La primera excursión obligada el jueves era, por supuesto, visitar la Catedral. Uno de los atractivos que ofrece, más allá de su belleza arquitectónica y su sentido religioso, es la posibilidad de subir a la torre sur a cambio de dos euros. Yo ya lo había hecho, pero los gemelos de mi amiga, argentina emigrada que estaba por primera vez en Alemania, sintieron el esfuerzo de los quinientos nueve peldaños de la angosta escalera, en tirabuzón y con gente caminando también en el sentido contrario. Después, el paseo nos llevó por la costa occidental del Rin y la Altstadt (ciudad vieja). Por la noche me tocó trabajar y aburrirnos con Eintracht Frankfurt 2 – Energie Cottbus 1.
El viernes elegimos ir a Düsseldorf. Cuando estábamos pidiendo ayuda para sacar los boletos en las expendedoras automáticas de la estación de Köln, un señor que escuchó a dónde queríamos ir se acercó y me dijo que tenía boletos para ese destino para unos amigos que, al final, no viajarían con él. Me los ofreció por quince euros a los dos, cuyo costo era de casi veinte. La señora que estaba ayudándonos nos dijo que era una buena posibilidad, pero mi amiga se alarmó pensando que estaba cayendo en algún “cuento del tío”. Lo cierto es que este hombre, que nos contó que es iraní, se mantuvo siempre cerca de nosotros y luego compartimos los asientos con él. Al bajarnos en Düsseldorf Hbf, me dio la mano, saludó amablemente a mi amiga, le agradecí y se fue. Hacía un frío terrible y nosotros habíamos decidido caminar. Después de un largo rato, fue imprescindible sentarse a tomar un café con leche para reponer energías. La sorpresa llegaría al retomar la caminata, ya que se desató una nevada muy intensa que significó el primer contacto de mi visitante con la nieve en sus veintisiete años de vida, por lo que su cámara de fotos tuvo un período de uso intenso.
El sábado me tocó, como siempre, mi larga jornada de trabajo, en la que mi amiga me acompañó estoicamente y haciendo enormes esfuerzos por mantenerse despierta; viéndola pude hacerme una idea de lo que pasará en los hogares a los cuales llegan nuestros relatos.

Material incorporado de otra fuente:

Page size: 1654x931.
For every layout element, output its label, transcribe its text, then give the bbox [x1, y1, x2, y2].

Por la noche, la última de su visita a Köln, ella quería pasear por la orilla del Rin y cruzarlo para ver la parte vieja de la ciudad desde la otra costa, que ofrece una magnífica imagen de la parte posterior de la Catedral iluminada y del sector más antiguo de la ciudad. Después de comer algo nos lanzamos a la aventura de caminar en una noche de viento intenso y un frío que llegaba hasta los huesos a pesar de nuestro abrigo. Para cruzar se camina por el mismo puente por el que transitan los trenes que conectan a Köln con el resto de Alemania. La nieve no caía, volaba; y la temperatura seguía bajando. Así todo, mi valiente huéspeda (no se alarmen, lo busqué en el diccionario y se escribe así) se negó a mis propuestas de volver en taxi, primero, o en subte, después. Quiso hacer caminando los casi tres kilómetros que nos separaban de mi casa.
El domingo, con mejor clima, sólo hubo tiempo para llevarla otra vez al aeropuerto y despedirnos hasta pronto. El reencuentro con este blog tiene más fecha más cierta; será la semana que viene.

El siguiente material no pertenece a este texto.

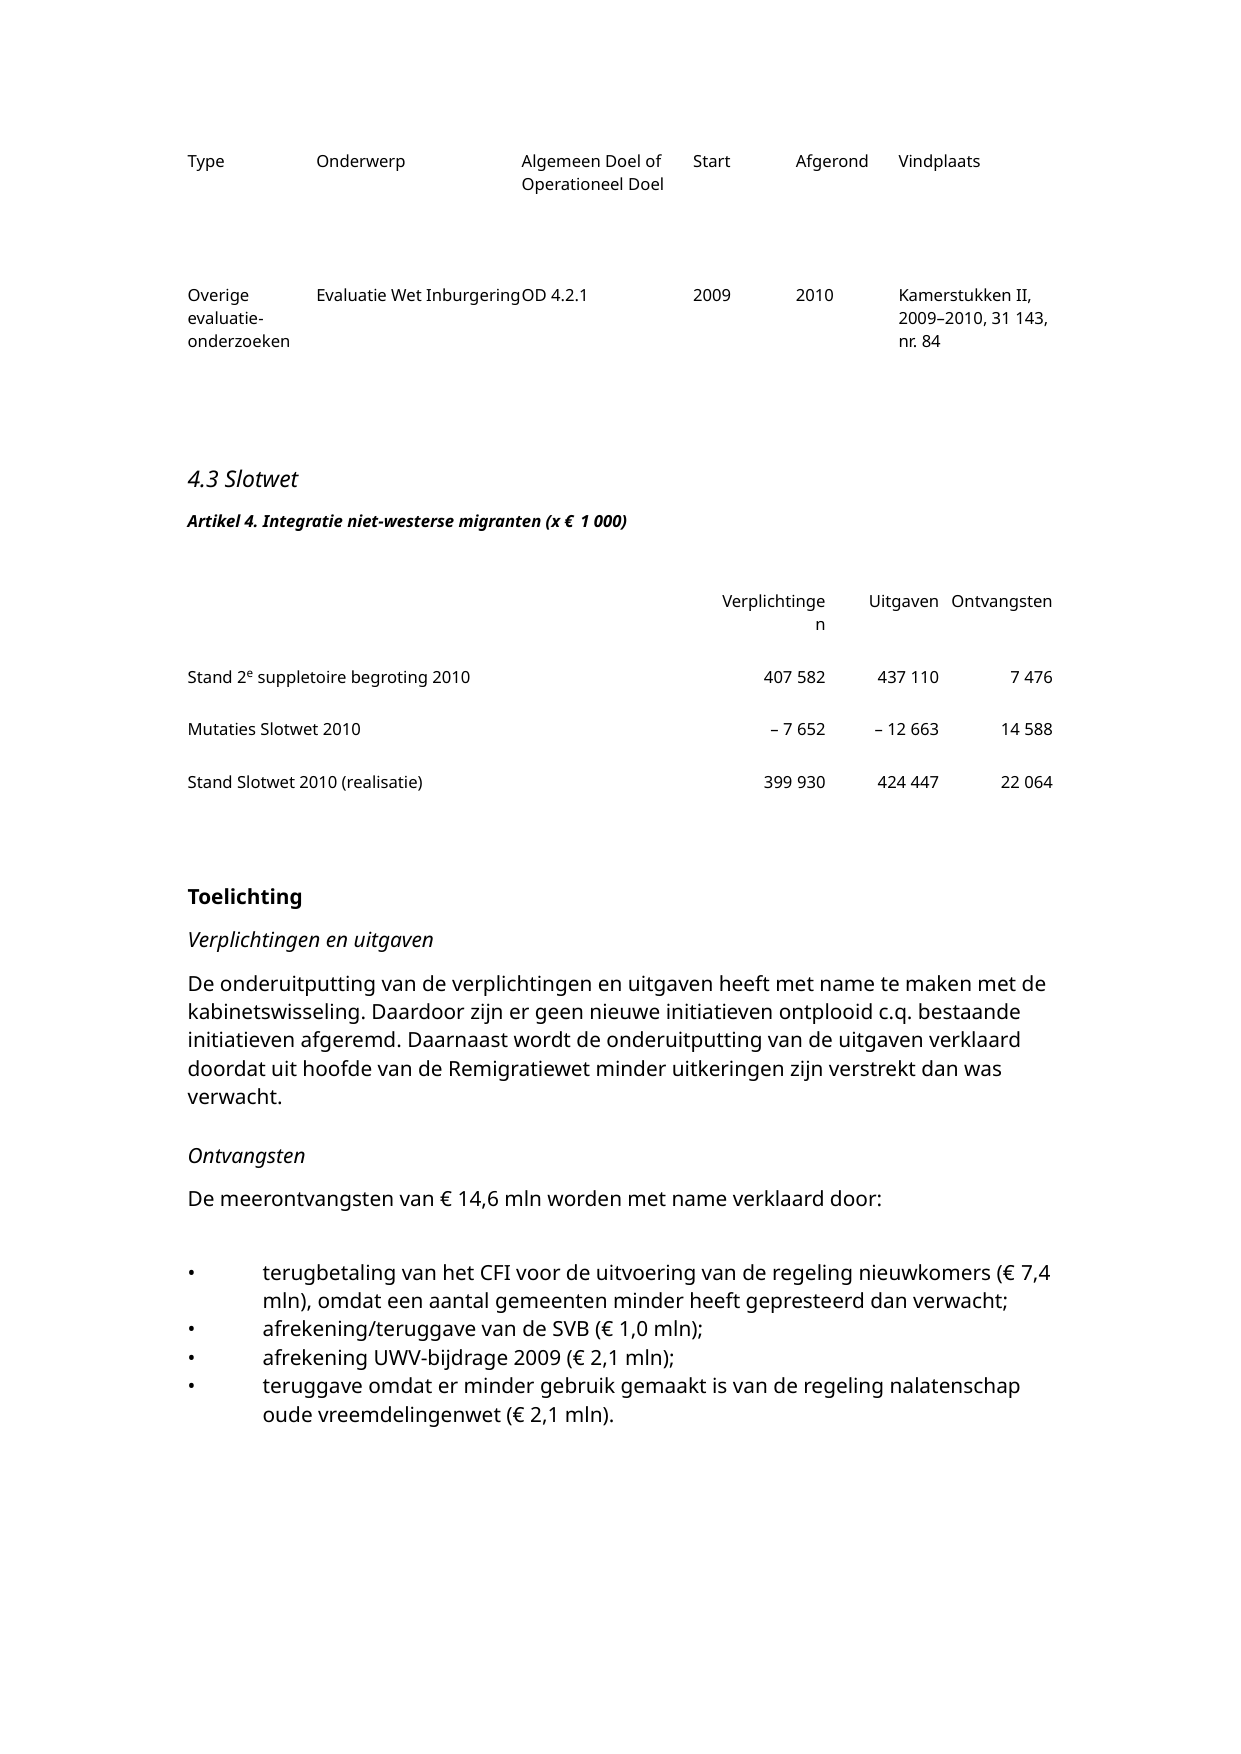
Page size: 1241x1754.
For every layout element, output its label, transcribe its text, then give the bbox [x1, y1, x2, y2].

lunes, 17 de marzo de 2008

Prejuicio fallido

El invierno, lejos de estar preparando la partida, parece decidido a dar muestras de una renovada vitalidad. Otra vez tenemos en Köln lluvia y frío, y el pronóstico de la semana anticipa temperaturas por debajo de cero. Hasta hoy, ni una señal de que dentro de menos de una semana vaya a comenzar der Frühling (en traducción textual, el primavera).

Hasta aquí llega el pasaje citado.